Lin Ming-Feng, Kuo Han-Yueh, Yeh Hui-Wen, Yang Chih-Man, Sung Chih-Hung, Tu Chi-Chao, Huang Mei-Luan, Liou Ming-Li
Department of Health, Chutung Hospital, Hsin-Chu County, Taiwan.
Department of Health, Hsin-Chu General Hospital, Hsin-Chu City, Taiwan.
J Microbiol Immunol Infect. 2011 Feb;44(1):39-44. doi: 10.1016/j.jmii.2011.01.008. Epub 2011 Jan 12.
The distribution and characterization of OXA-type carbapenemases in Acinetobacter sp in Taiwan has less been reported. The aim of the study was to investigate the molecular epidemiology and OXA-type carbapenemase genes in a regional hospital in Taiwan.
Imipenem-resistant Acinetobacter sp were collected between 2005 and 2007 in a regional hospital. Genotyping was performed by pulsed-field gel electrophoresis. OXA-type carbapenemase genes were determined by multiplex polymerase chain reaction (PCR) and gene sequencing.
A total of 136 isolates were collected. Fifty-six pulsotypes were identified. None of the pulsotypes established predominance throughout the 3-year period. Multiplex PCR of blaOXA genes showed that 99% (135/136) of the Acinetobacter sp possessed blaOXA51-like genes. The coexistences of blaOXA51-like/blaOXA-23-like and blaOXA51-like/blaOXA-24-like were detected in 19% (26/136) and 1% (2/136) of the isolates, respectively. Among blaOXA-23-like gene-carrying isolates, two isolates (Pulsotypes 18 and 20) were found in 2006 and the remainder (n=24), including Pulsotypes 27 (n=18), 29 (n=1), 52 (n=3), and 53 (n=2), were found in 2007. Sequencing performed on the 26 representative isolates confirmed the presence of the blaOXA-23 carbapenemase gene. Analysis of the genetic content of blaOXA-23 showed that these genes were presumably chromosomal and associated with the upstream-located insertion sequence ISAba1.
The emergence and imminent widespread of blaOXA-23-carrying imipenem-resistant Acinetobacter sp appeared in Taiwan during the period from 2006 to 2007.

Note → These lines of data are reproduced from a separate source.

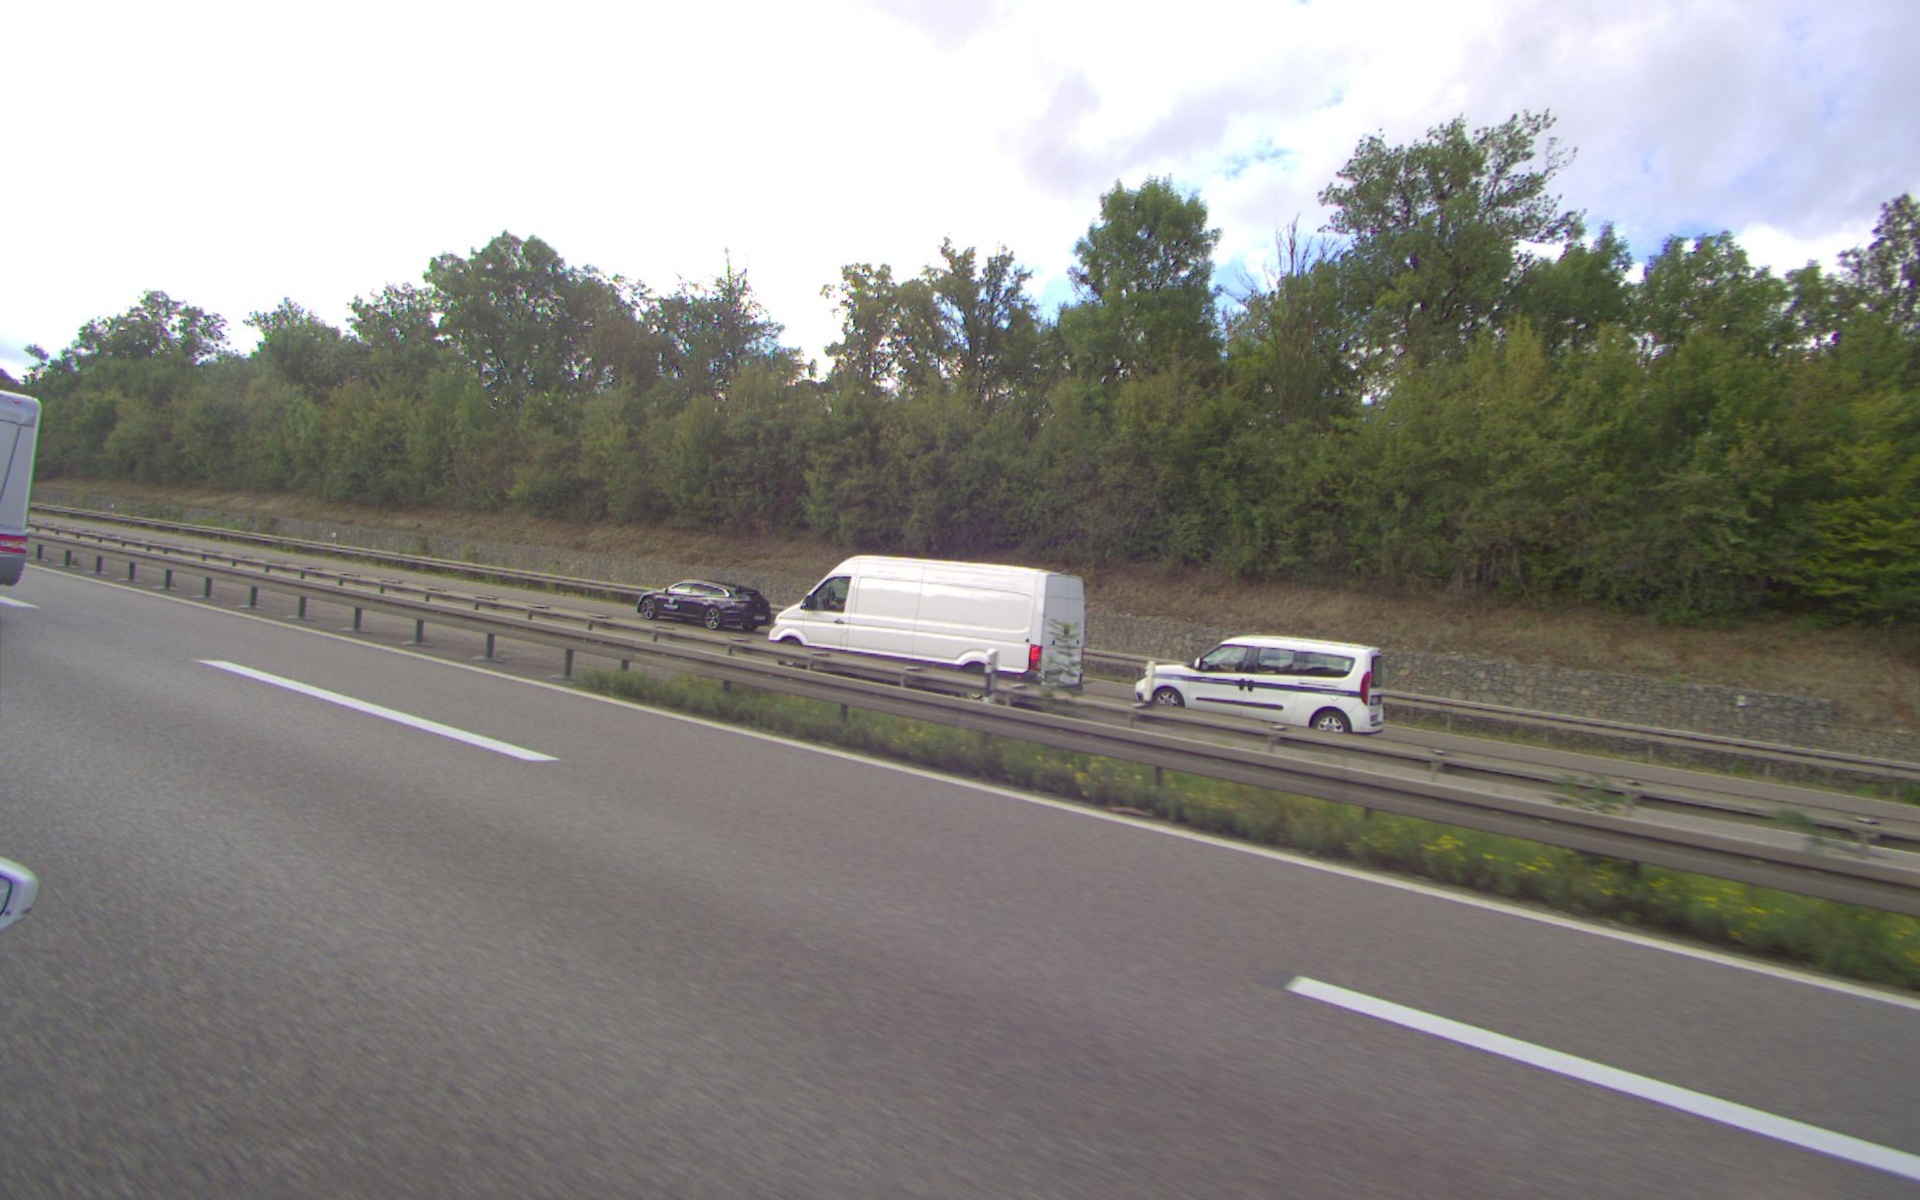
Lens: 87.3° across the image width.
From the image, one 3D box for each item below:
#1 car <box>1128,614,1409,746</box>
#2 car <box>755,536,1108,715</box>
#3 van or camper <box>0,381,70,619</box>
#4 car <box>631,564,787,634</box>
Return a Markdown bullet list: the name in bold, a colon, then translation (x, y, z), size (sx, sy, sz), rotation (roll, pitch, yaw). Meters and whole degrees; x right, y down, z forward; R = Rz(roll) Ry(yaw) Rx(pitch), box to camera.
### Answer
- **car**: translation (5.853, 1.474, 19.282), size (4.685, 1.773, 1.846), rotation (7, -1, 32)
- **car**: translation (-0.710, 0.387, 19.675), size (6.630, 2.586, 2.072), rotation (7, 1, 32)
- **van or camper**: translation (-14.860, -1.623, 13.211), size (7.534, 2.754, 2.473), rotation (7, -1, 32)
- **car**: translation (-7.874, -0.039, 31.438), size (4.684, 1.623, 1.844), rotation (7, 2, 31)

台湾地区不动杆菌属中OXA型碳青霉烯酶的分布及特征鲜见报道。本研究旨在调查台湾某地区医院中不动杆菌属的分子流行病学及OXA型碳青霉烯酶基因。
于2005年至2007年在某地区医院收集耐亚胺培南不动杆菌属。采用脉冲场凝胶电泳进行基因分型。通过多重聚合酶链反应(PCR)和基因测序确定OXA型碳青霉烯酶基因。
共收集到136株分离株。鉴定出56种脉冲型。在这3年期间,没有一种脉冲型占主导地位。blaOXA基因的多重PCR显示,99%(135/136)的不动杆菌属拥有blaOXA51样基因。分别在19%(26/136)和1%(2/136)的分离株中检测到blaOXA51样/blaOXA - 23样和blaOXA51样/blaOXA - 24样的共存情况。在携带blaOXA - 23样基因的分离株中,2006年发现了2株(脉冲型18和20),其余(n = 24),包括脉冲型27(n = 18)、29(n = 1)、52(n = 3)和53(n = 2),于2007年发现。对26株代表性分离株进行测序证实存在blaOXA - 23碳青霉烯酶基因。对blaOXA - 23的遗传内容分析表明,这些基因可能位于染色体上,并与上游的插入序列ISAba1相关。
2006年至2007年期间,台湾出现了携带blaOXA - 23的耐亚胺培南不动杆菌属,并即将广泛传播。